Im well aware of exactly what a bolt gun is used for thankyou Em40....iv been trained to use one :whistling2: Yes they are used to put deer to sleep, you cant expect drugs to be carried around in an RSPCA van do you? Not exactly health and safety... and i dont need to see media propaganda thankyou iv WORKED there...i KNOW what goes on, I also dont believe everything i read and can see the bigger picture, what was done was done with the animals welfare as top priority : victory: 

But yeh, iv been there and looked into animals eyes as they die....but what would i know, iv clearly not read enough in the papers :2thumb:


----------



## ferretman (May 11, 2008)

I havent read the previous posts but my thoughts on it are as follows.

I can only dream of keeping marmmies etc i dont think i could ever meet their demands for the long term. They shouldnt be advertiesed for the domestic enviroment and i think to many people see programmes manily from america were monkeys are in nappies etc.
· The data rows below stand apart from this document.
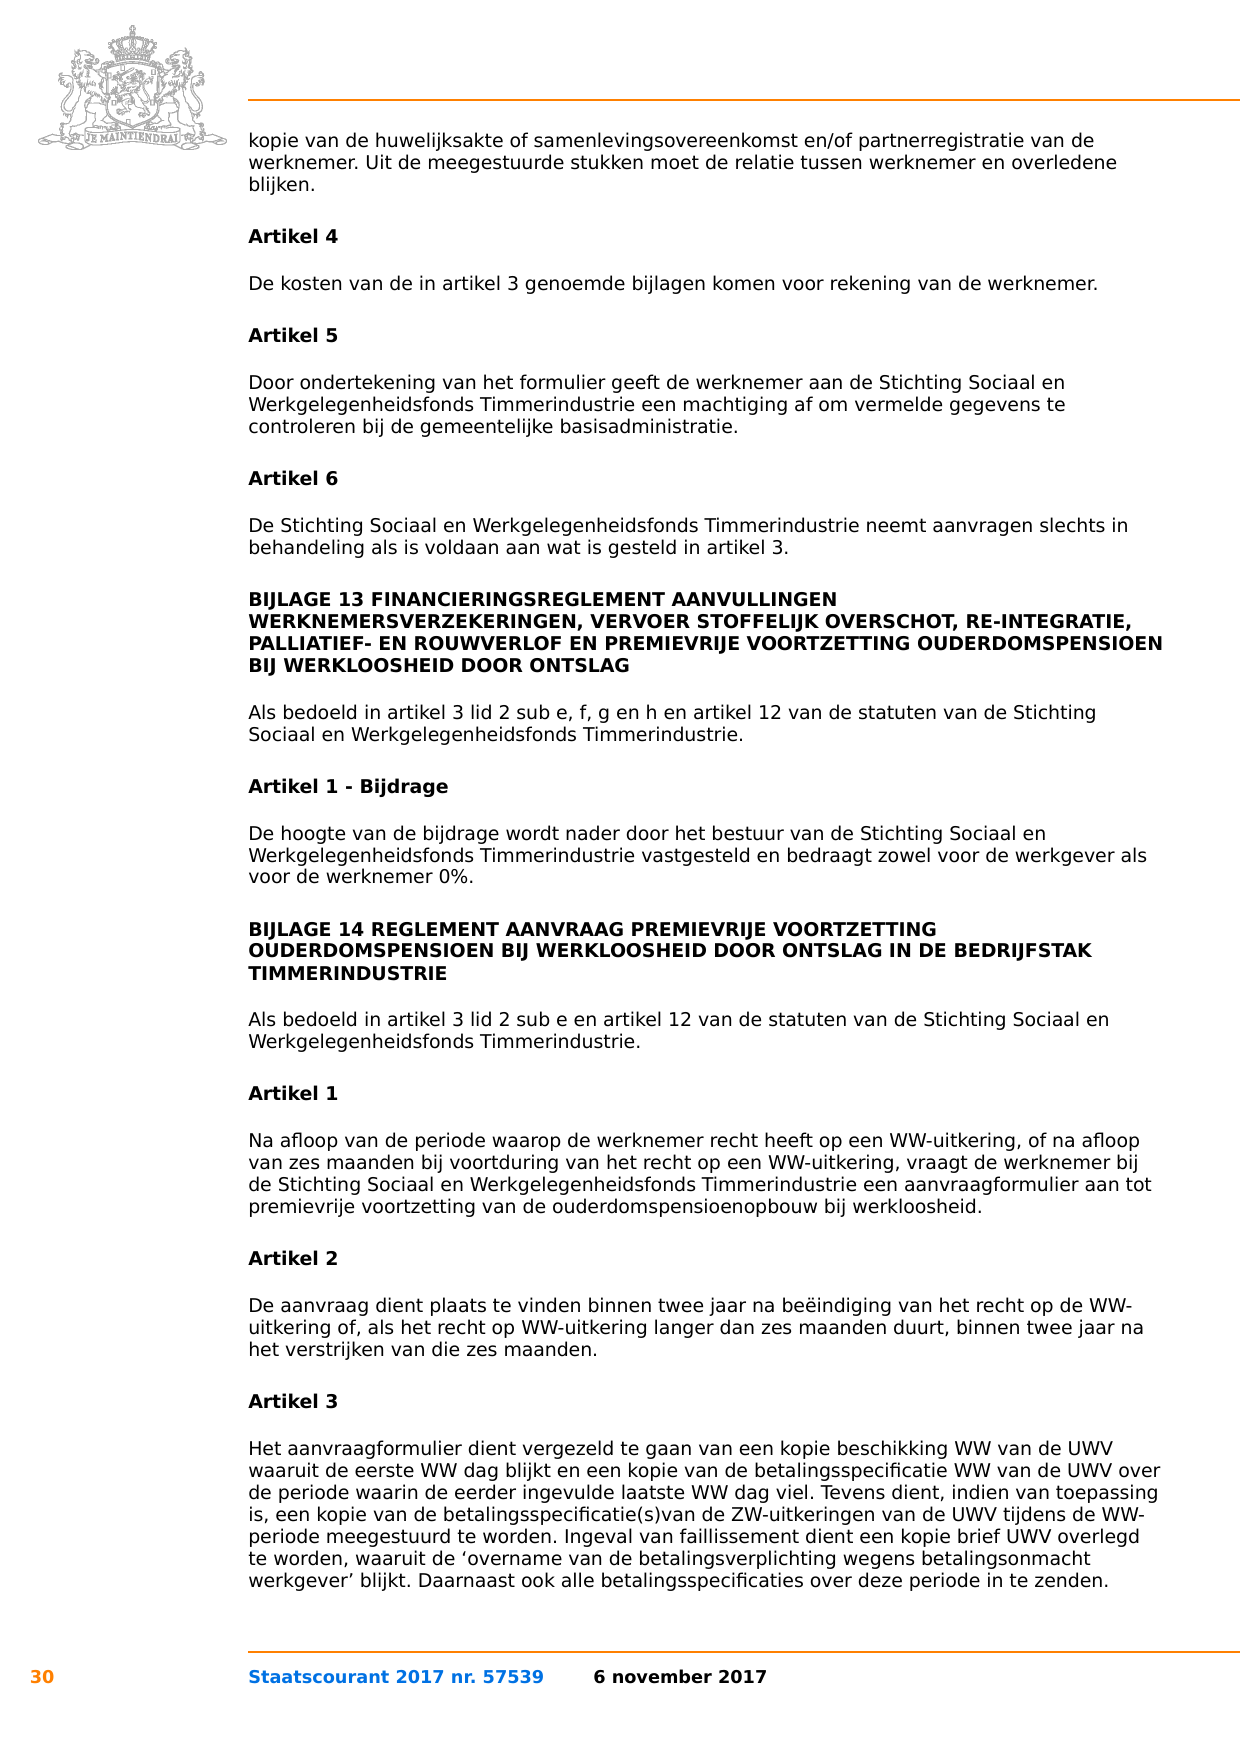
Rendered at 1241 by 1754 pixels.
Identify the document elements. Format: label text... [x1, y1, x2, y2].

text Door ondertekening van het formulier geeft de werknemer aan de Stichting Sociaal en Werkgelegenheidsfonds Timmerindustrie een machtiging af om vermelde gegevens te controleren bij de gemeentelijke basisadministratie. [248, 372, 1163, 438]
text kopie van de huwelijksakte of samenlevingsovereenkomst en/of partnerregistratie van de werknemer. Uit de meegestuurde stukken moet de relatie tussen werknemer en overledene blijken. [248, 130, 1163, 196]
text De Stichting Sociaal en Werkgelegenheidsfonds Timmerindustrie neemt aanvragen slechts in behandeling als is voldaan aan wat is gesteld in artikel 3. [248, 515, 1163, 559]
subtitle Artikel 4 [248, 226, 1163, 248]
subtitle Artikel 1 - Bijdrage [248, 776, 1163, 797]
text De aanvraag dient plaats te vinden binnen twee jaar na beëindiging van het recht op de WW-uitkering of, als het recht op WW-uitkering langer dan zes maanden duurt, binnen twee jaar na het verstrijken van die zes maanden. [248, 1295, 1163, 1361]
subtitle Artikel 2 [248, 1248, 1163, 1270]
text Als bedoeld in artikel 3 lid 2 sub e, f, g en h en artikel 12 van de statuten van de Stichting Sociaal en Werkgelegenheidsfonds Timmerindustrie. [248, 702, 1163, 746]
text Na afloop van de periode waarop de werknemer recht heeft op een WW-uitkering, of na afloop van zes maanden bij voortduring van het recht op een WW-uitkering, vraagt de werknemer bij de Stichting Sociaal en Werkgelegenheidsfonds Timmerindustrie een aanvraagformulier aan tot premievrije voortzetting van de ouderdomspensioenopbouw bij werkloosheid. [248, 1130, 1163, 1218]
text De hoogte van de bijdrage wordt nader door het bestuur van de Stichting Sociaal en Werkgelegenheidsfonds Timmerindustrie vastgesteld en bedraagt zowel voor de werkgever als voor de werknemer 0%. [248, 822, 1163, 888]
text De kosten van de in artikel 3 genoemde bijlagen komen voor rekening van de werknemer. [248, 273, 1163, 295]
subtitle Artikel 1 [248, 1083, 1163, 1105]
text Als bedoeld in artikel 3 lid 2 sub e en artikel 12 van de statuten van de Stichting Sociaal en Werkgelegenheidsfonds Timmerindustrie. [248, 1009, 1163, 1053]
subtitle Artikel 5 [248, 325, 1163, 347]
picture [38, 25, 227, 150]
subtitle Artikel 3 [248, 1391, 1163, 1413]
subtitle BIJLAGE 13 FINANCIERINGSREGLEMENT AANVULLINGEN WERKNEMERSVERZEKERINGEN, VERVOER STOFFELIJK OVERSCHOT, RE-INTEGRATIE, PALLIATIEF- EN ROUWVERLOF EN PREMIEVRIJE VOORTZETTING OUDERDOMSPENSIOEN BIJ WERKLOOSHEID DOOR ONTSLAG [248, 589, 1163, 677]
subtitle Artikel 6 [248, 468, 1163, 490]
text Het aanvraagformulier dient vergezeld te gaan van een kopie beschikking WW van de UWV waaruit de eerste WW dag blijkt en een kopie van de betalingsspecificatie WW van de UWV over de periode waarin de eerder ingevulde laatste WW dag viel. Tevens dient, indien van toepassing is, een kopie van de betalingsspecificatie(s)van de ZW-uitkeringen van de UWV tijdens de WW-periode meegestuurd te worden. Ingeval van faillissement dient een kopie brief UWV overlegd te worden, waaruit de ‘overname van de betalingsverplichting wegens betalingsonmacht werkgever’ blijkt. Daarnaast ook alle betalingsspecificaties over deze periode in te zenden. [248, 1438, 1163, 1592]
subtitle BIJLAGE 14 REGLEMENT AANVRAAG PREMIEVRIJE VOORTZETTING OUDERDOMSPENSIOEN BIJ WERKLOOSHEID DOOR ONTSLAG IN DE BEDRIJFSTAK TIMMERINDUSTRIE [248, 918, 1163, 984]

I think the breeders who are selling primates to the domestic enviroment are doing it for the price tag. On the other hand private keepers who can provide large enclosures the right diet ect if absolutely fine i have no problem with anyone who wants to keep anything be it a stick insect to a elephant aslong as you can provide the propper care then so be it. But most intellegent animals such as parrots, skunks etc are also neglected in their mental needs aswell banning the animals will only make their price higher.

Thats my thoughts anyway.


----------



## mrcriss (Nov 2, 2010)

em_40 said:


> I reckon most have a license, you just know some dodgey people XD
> 
> 
> They must have just plucked the figures out of nowhere.
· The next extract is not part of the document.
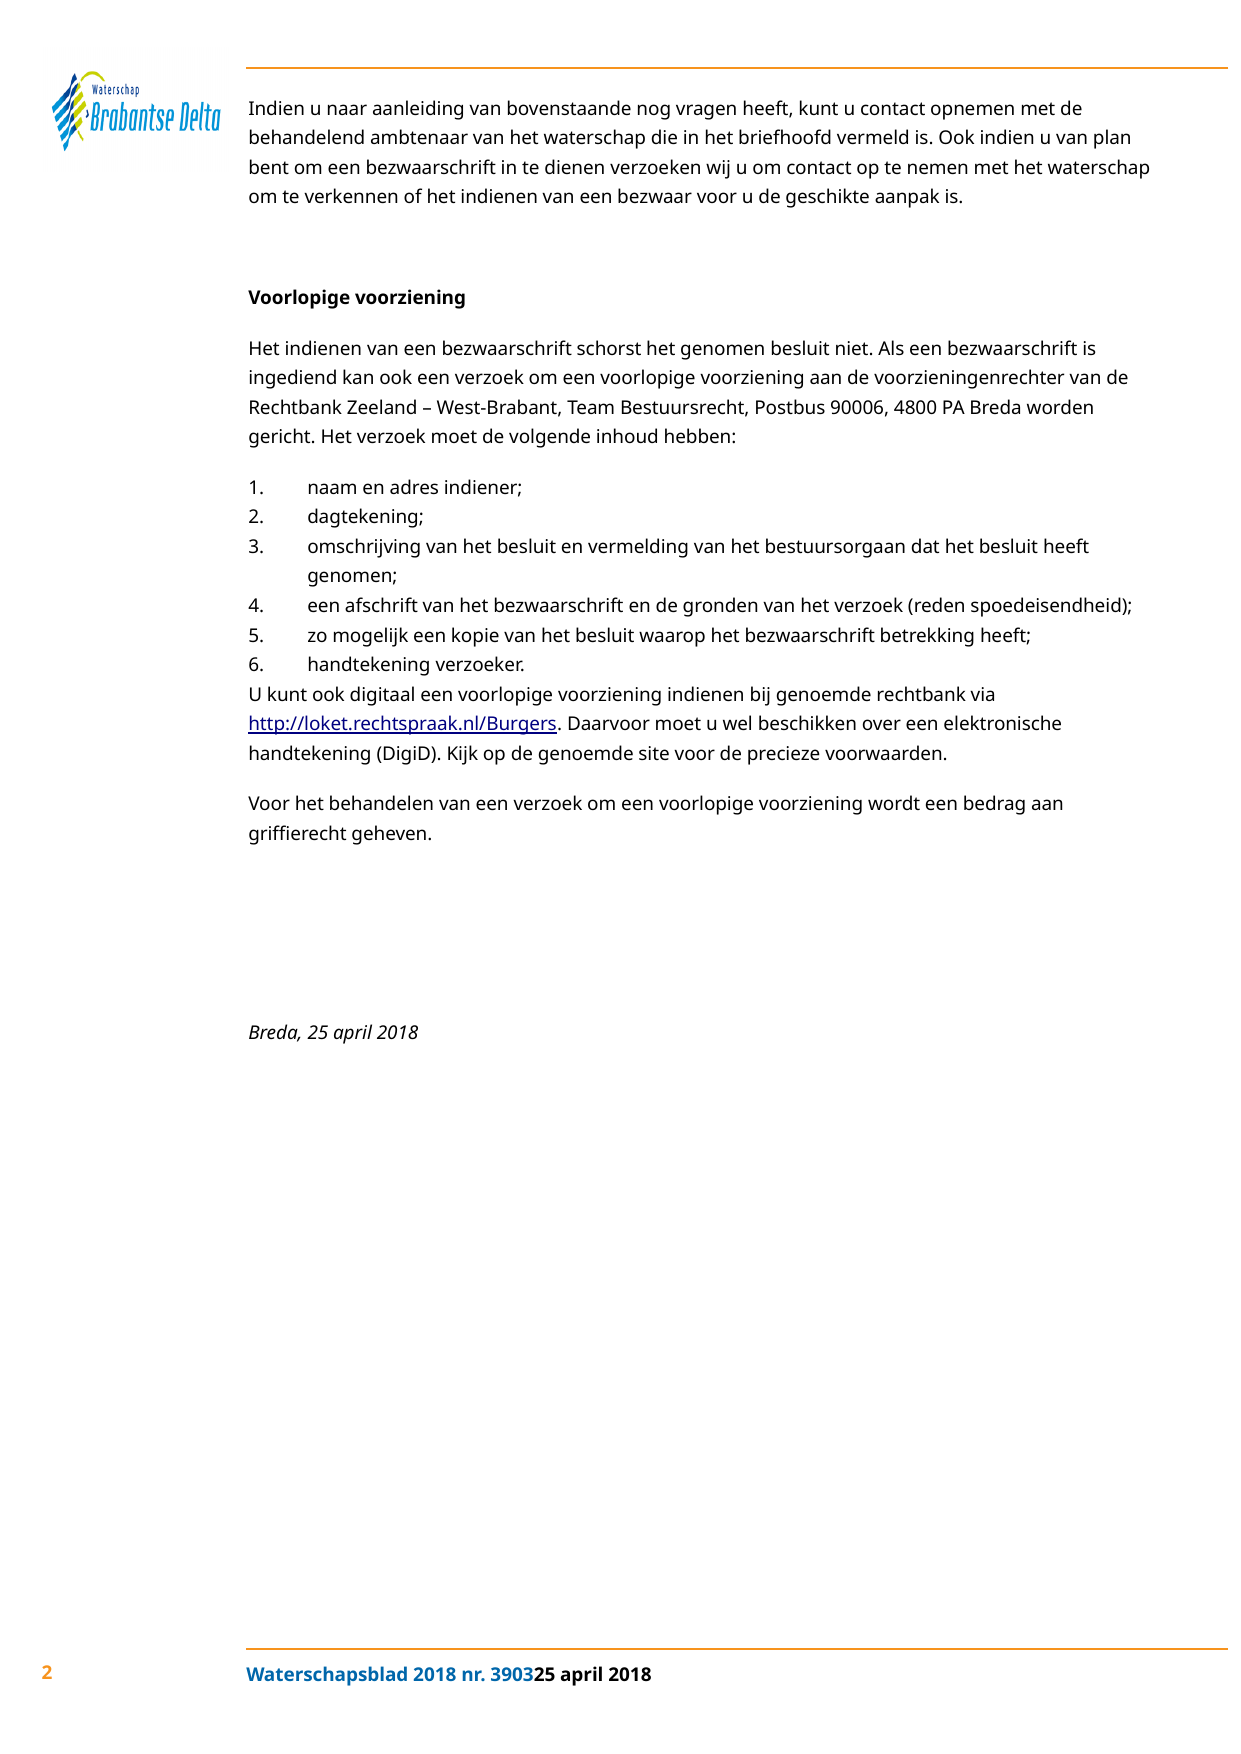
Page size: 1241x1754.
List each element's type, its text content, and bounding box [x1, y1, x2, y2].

Although I appreciate (or at least hope) that this comment was a silly joke, I'd like to assure you that I don't hang around dodgy people, thank you. I don't know what kind of bubble you live in, but it _really isn't that hard_ to get DWA animals without the necessary paperwork........_NOR_ for that matter, is it particularly hard even to get a DWA License! 

Consider all the pet capuchins that you see on supposed comedy items on animal shows....they're kept in parrot cages or wardrobes and fed curry and lollipops for the audience to laugh at and coo over. Do you honestly think those owners managed to score a license? And they put those on TV!!!
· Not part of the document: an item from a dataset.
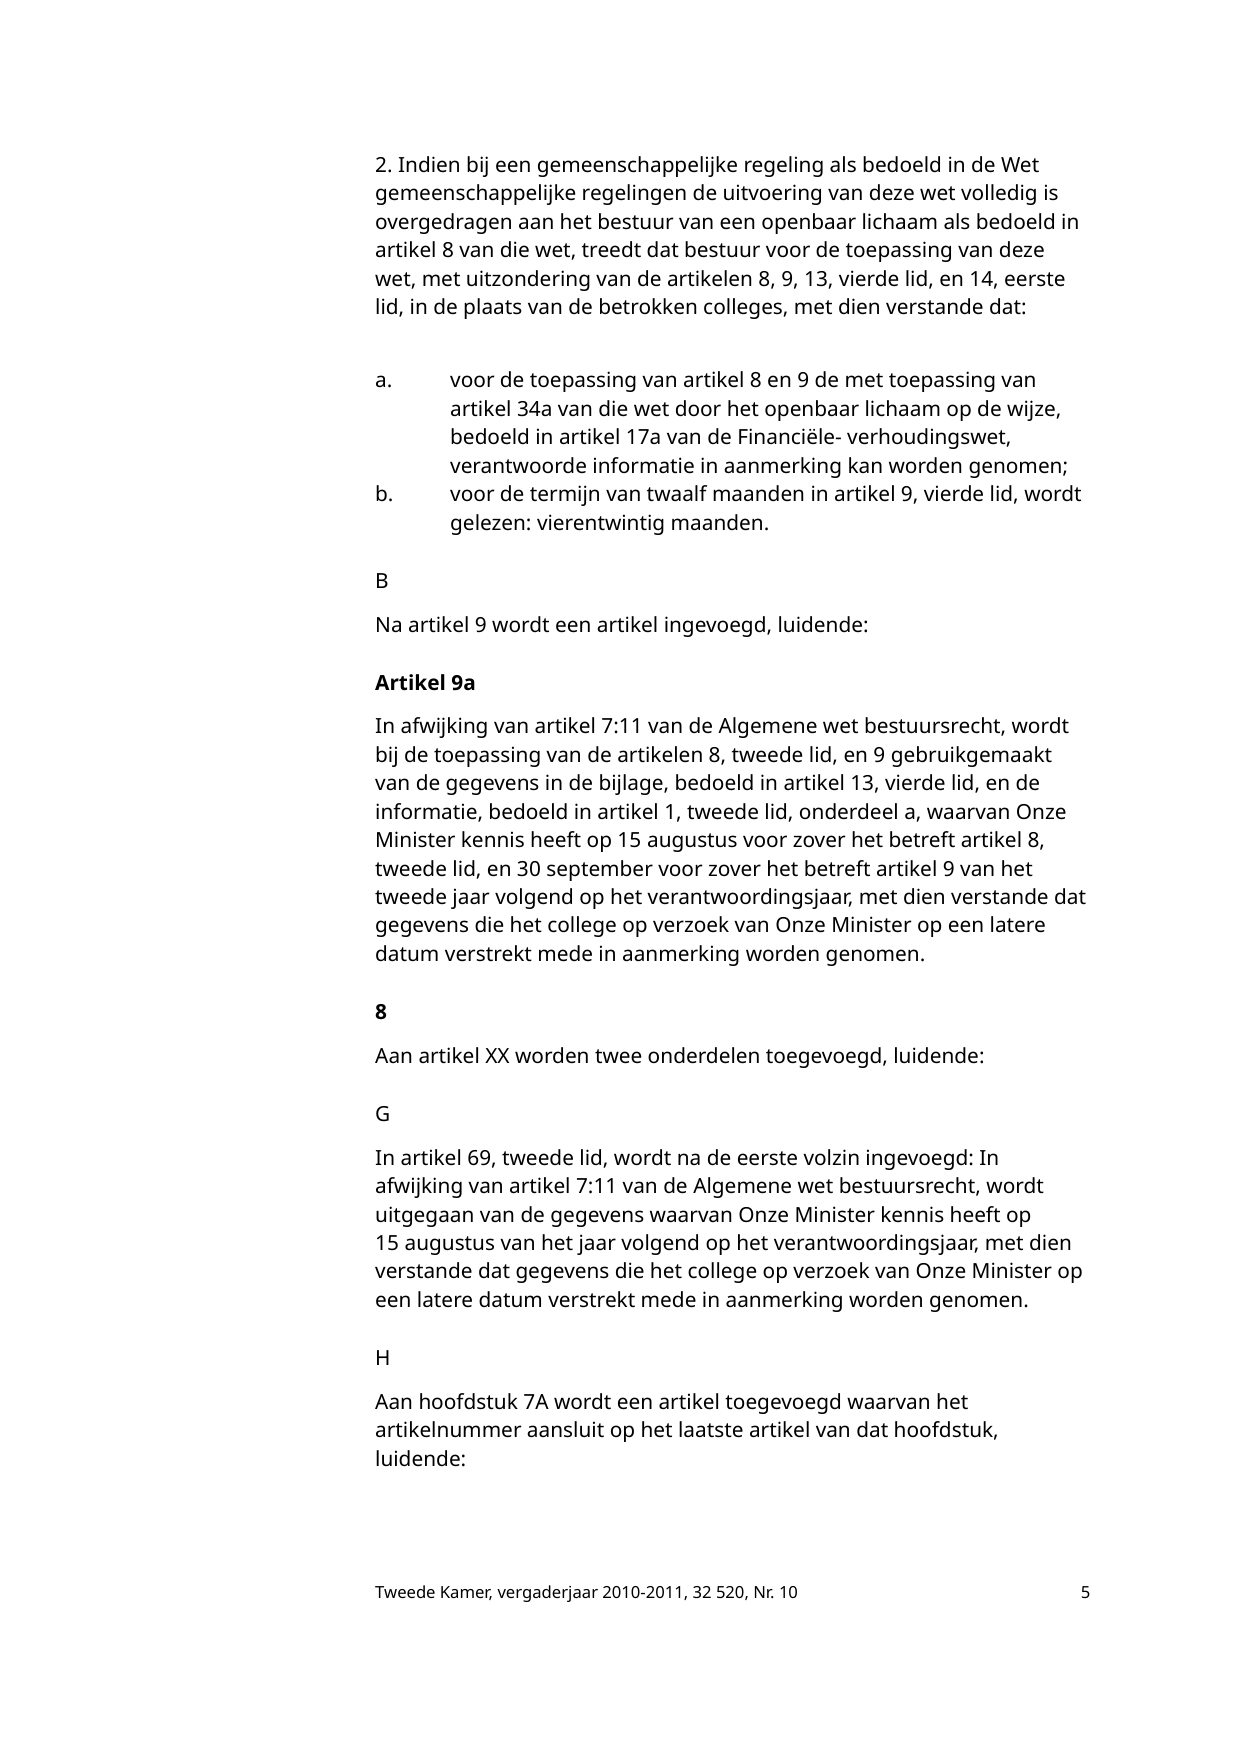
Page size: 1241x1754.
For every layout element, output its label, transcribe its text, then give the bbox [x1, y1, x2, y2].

And that's not to mention all the illegally kept DWA reptiles etc. There's a guy up here in the north west (a complete arse), that has a caiman without a license. I know of another fellow that has a number of illegal DWA scorpions.

The DWAL doesn't work.....'nuff said. So how could you really make another license (that everyone seems to be suggesting here) that's just for monkeys work? Piling legislation on top of more legislation never really has the desired effect. 

Earlier in this thread, someone said that an outright ban wouldn't stop the black market trade in primates. It would certainly slow it down a hell of a lot! Purely because you wouldn't be able to get veterinary treatment for your illegal primates anymore.

For the record, I'm not in favour of a ban....but as I'm not quite so blinkered as some on this subject, I can see _and understand_ the thinking behind such a ban. It's certainly a thorny issue that is not going to come to a happy solution.


----------



## sharpstrain (May 24, 2008)

I can also confirm that unscrupulous people will sell dwa animals without a licence - I know this because I was offered a wdb and when I said I would love one but dont have a licence, the person responded we wont let that get in our way

I didnt and wouldnt get an animal without the appropriate paperwork, however I could have if I wanted and I wasnt even trying


----------



## 5plusmany (Sep 29, 2011)

Of course there are unscrupulous people out there who will buy and sell not within the law. Just don't think its very ethical for the bbc to use figures that they have no way of proving.
At the end of the day if more was being done, working within the current system, to improve animal welfare across the board, so many fewer animals would be kept in innapropriate conditions. Not just primates, its a jungle out there y' know!
The organisations/individuals pushing this ban on primate keeping, I strongly suspect, have ulterior motives, but what they SHOULD be doing is supporting the good keepers and tracking down the bad.


----------



## xx-SAVANNAH-xx (Jan 9, 2010)

Chris Newman said:


> The BBC are doing a two part look at weather private primate keeping should be banned! Part was one was on BBC breakfast news this morning, the second part will be tomorrow.
> 
> Here is a link to the first part:
> http://www.bbc.co.uk/news/uk-17724743


No private keeping of animals should be banned if someone is capable of giving it what it needs.


----------



## mrcriss (Nov 2, 2010)

5plusmany said:


> Of course there are unscrupulous people out there who will buy and sell not within the law. Just don't think its very ethical for the bbc to use figures that they have no way of proving.
> At the end of the day if more was being done, working within the current system, to improve animal welfare across the board, so many fewer animals would be kept in innapropriate conditions. Not just primates, its a jungle out there y' know!
> The organisations/individuals pushing this ban on primate keeping, I strongly suspect, have ulterior motives, but what they SHOULD be doing is supporting the good keepers and tracking down the bad.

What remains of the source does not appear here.